Earlier, she’d picked up a copy of the Birmingham Evening Mail, and found the story she’d been expecting on the front page. She read through a series of tributes to former Detective Constable Andrew Kewley from his colleagues, including one from the Chief Constable, who had never even met him. Kewley had become a hero, now that he was dead.
The details she was looking for were sparse. Police were appealing for witnesses. They were also looking for the rider of a motorcycle seen leaving the scene at the time of the murder.
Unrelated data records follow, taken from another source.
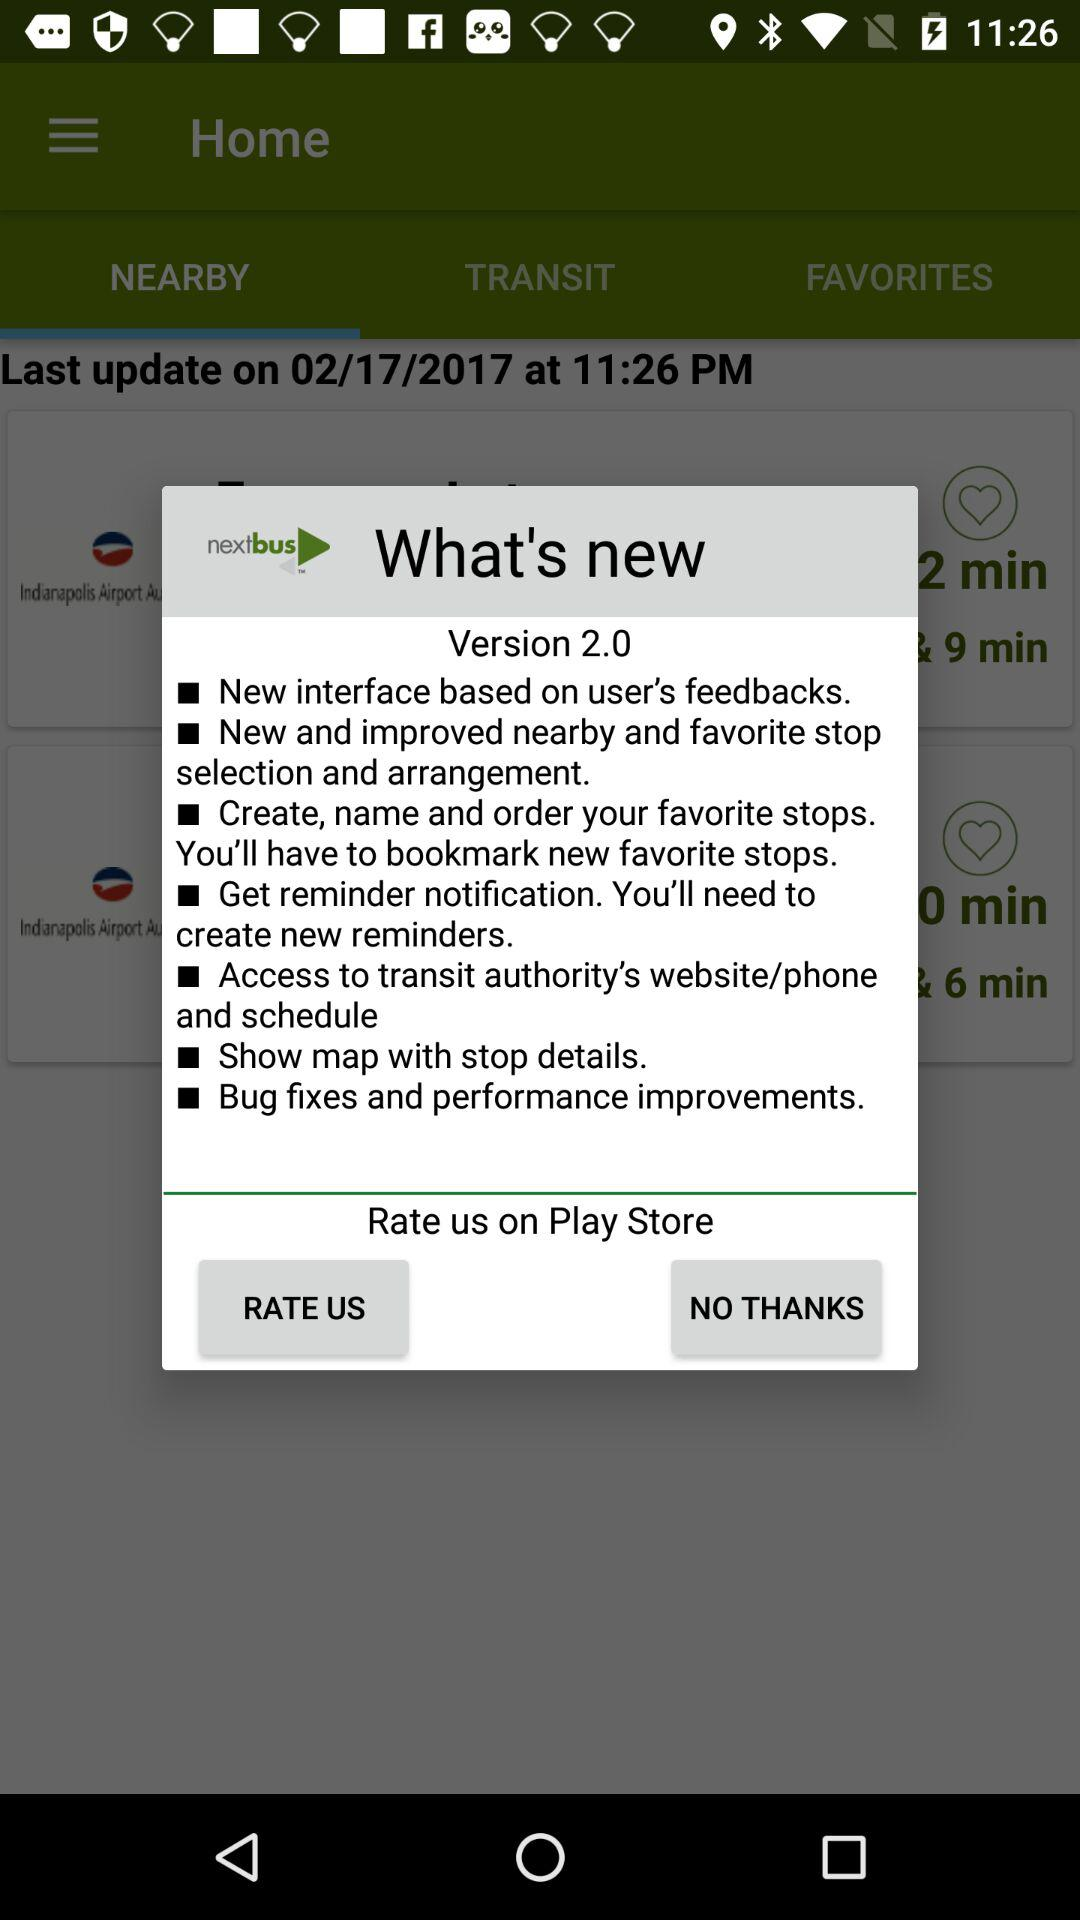Which app version are we using? You are using version 2.0. 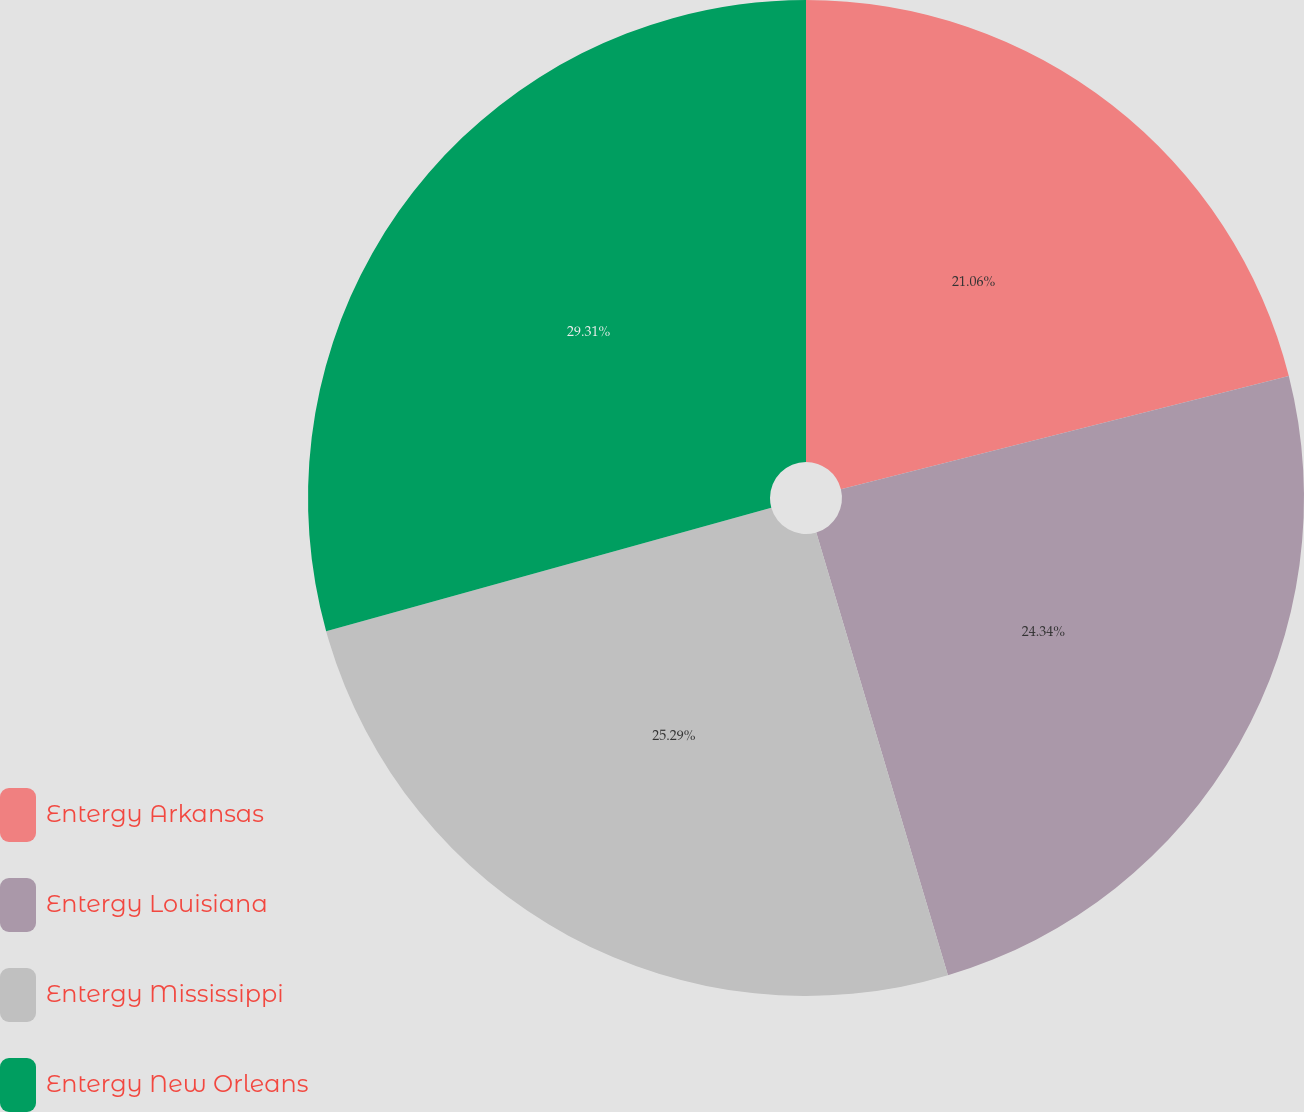Convert chart to OTSL. <chart><loc_0><loc_0><loc_500><loc_500><pie_chart><fcel>Entergy Arkansas<fcel>Entergy Louisiana<fcel>Entergy Mississippi<fcel>Entergy New Orleans<nl><fcel>21.06%<fcel>24.34%<fcel>25.29%<fcel>29.31%<nl></chart> 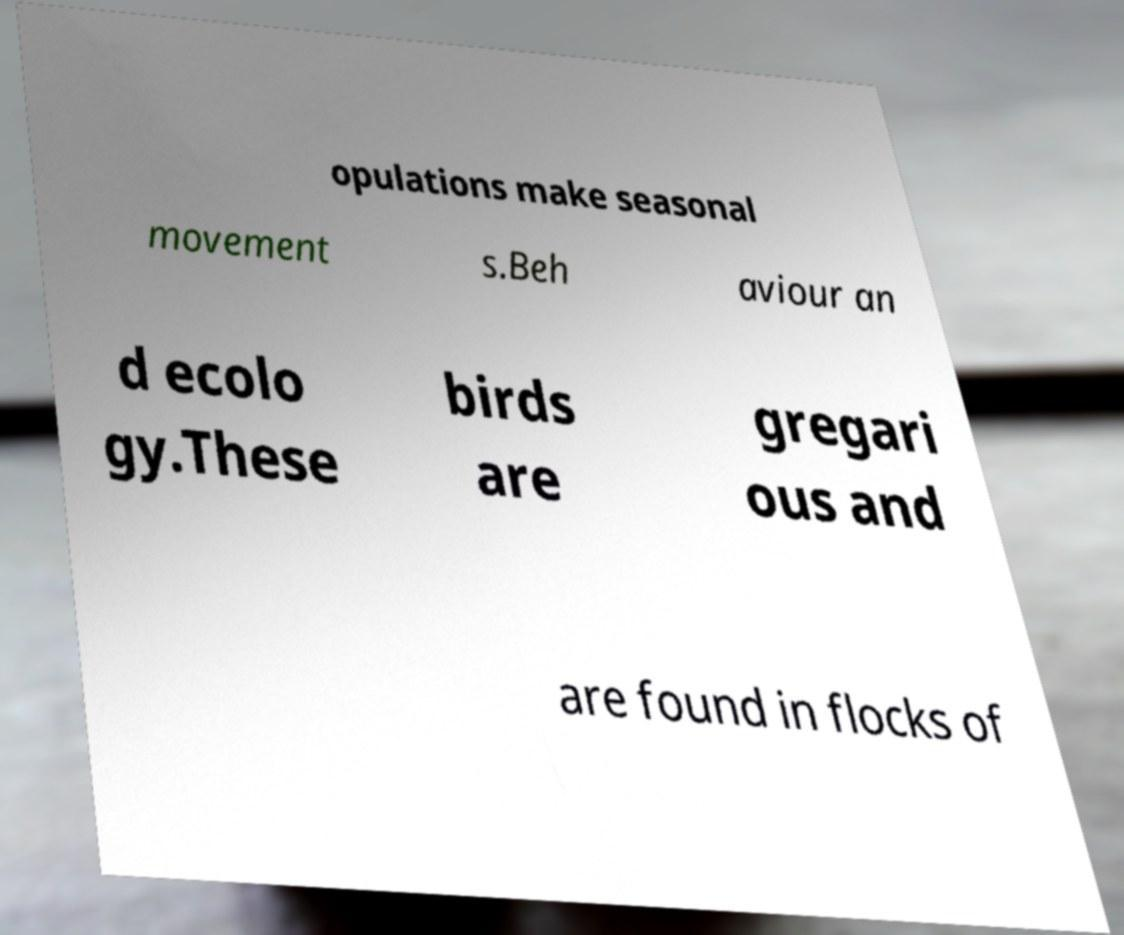Could you assist in decoding the text presented in this image and type it out clearly? opulations make seasonal movement s.Beh aviour an d ecolo gy.These birds are gregari ous and are found in flocks of 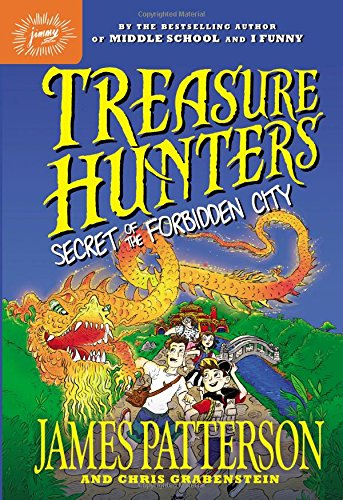Who might be the other contributors to this book besides James Patterson? Alongside James Patterson, Chris Grabenstein is also listed as a co-author on the cover, indicating his collaboration in crafting the thrilling narrative of 'Treasure Hunters: Secret of the Forbidden City.' 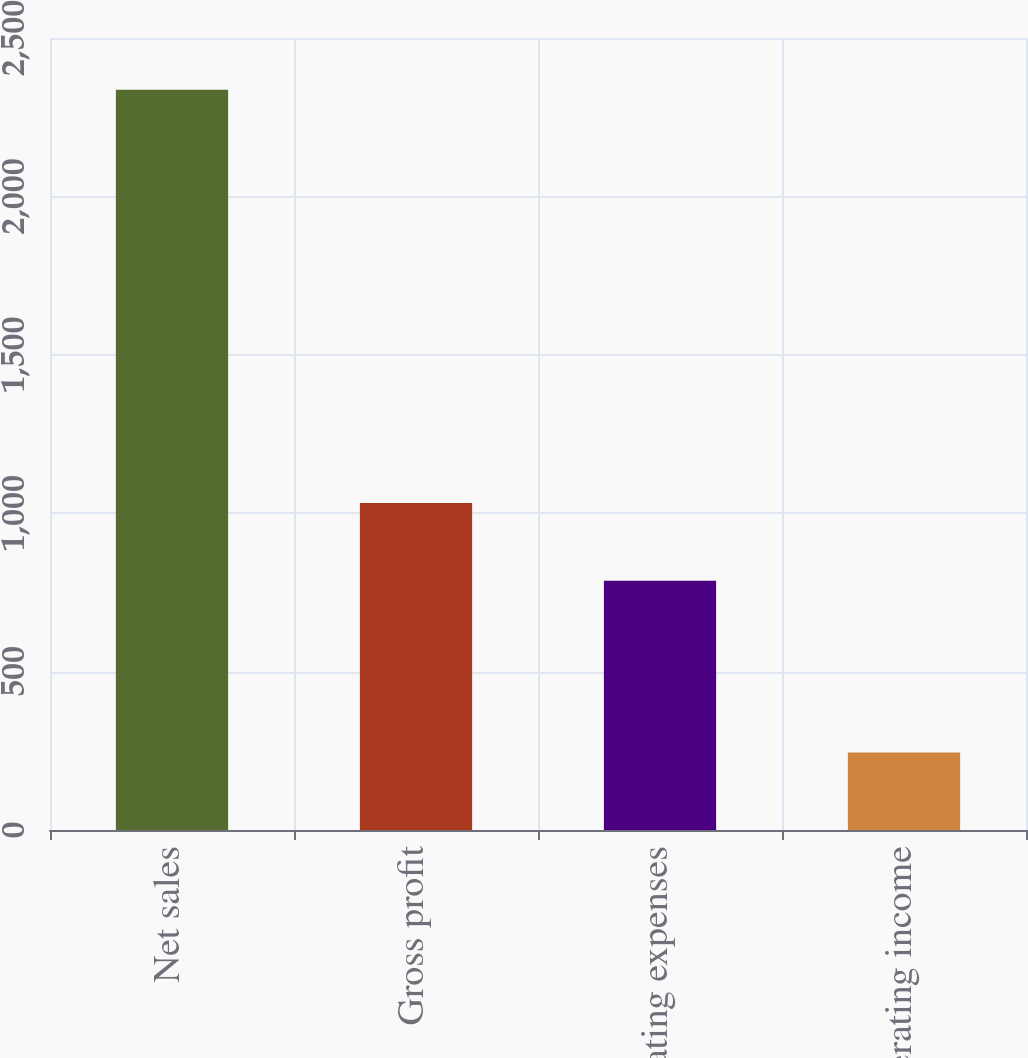<chart> <loc_0><loc_0><loc_500><loc_500><bar_chart><fcel>Net sales<fcel>Gross profit<fcel>Operating expenses<fcel>Operating income<nl><fcel>2337<fcel>1032<fcel>787<fcel>245<nl></chart>

She had given them that lead herself. But what she hadn’t done was tell the Major Incident Unit everything she and Andy had talked about the previous day. She felt sure there were individuals in West Midlands Police who knew more about Kewley’s connections than she did, anyway.
‘S-Man and Doors,’ said Angie. ‘What do they call this gang again? The one Marcus Shepherd and Darren Barnes are in?’
‘The m1 Crew.’
‘M1? As in the motorway?’
‘I expect so.’
‘Unless it’s after the rapper.’
‘Rapper?’ said Diane. ‘You’ve lost me.’